I need a word, or words, to describe a very common social phenomenon that has no name of its own. Can you help?

The local political leader is re-starting the social discussion about the 'registration' of same sex couples for the purposes of allowing the legal system to recognise rights and such things as the transfer of property.

What is trying to be avoided is calling the recognition "marriage" which, it is felt, has a very particular meaning as being between a couple which is composed of different sexes. Equally, there is a very functional word -- partnership -- for a couple composed of different sexes who are not married but who choose to be 'partners'.

I went back to the Latin roots for words, and found "adiungo".
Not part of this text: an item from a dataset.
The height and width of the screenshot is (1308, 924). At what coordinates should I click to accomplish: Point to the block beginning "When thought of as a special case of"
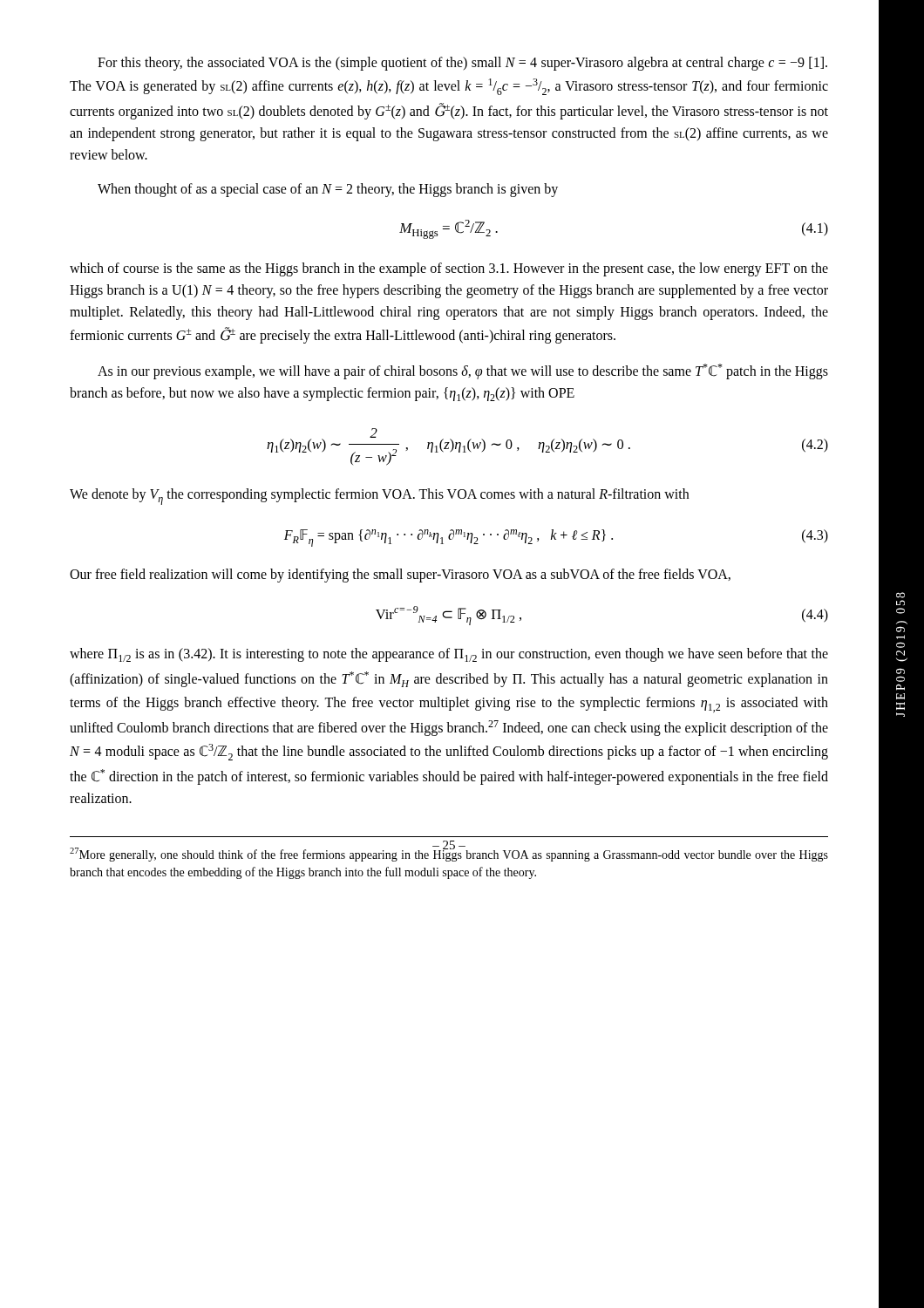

adiungo -iungere -iunxi -iunctum [to join to , connect]; 'adiunctus fundus', [neighboring]; of immaterial things, [to associate, impart]; of persons, [to attach], esp. as partner, friend, etc. Hence partic. adiunctus -a -um, [bound to, belonging to]; n. pl. as subst. [collateral circumstances].

The formal process or legal binding can be an "adiunctum". The person who performs this would be an "adiunctor".

I figure that the words in English closest to these are "adjunct", meaning (as I think of it) something closely bound to the other thing.

It even leads to a very Australian contraction, "ady" / "adie", as in "Meet my adie..."

I will not claim to be a Latin scholar. Have I got these correct?

Now, have I got anyone thinking? Will it catch on?

References:
* Latin Dictionary and Grammar Aid - University of Notre Dame, USA
particularly
* adiung
* adiunct

_____
Peter

PS
I also played around with another Latin word, that is very 'suggestive' in English and certainly intimate sexual conversation.

cum (1) prep. with abl. , [with, together with; at the same time as]; 'cum eo quod','ut', or 'ne', [on condition that].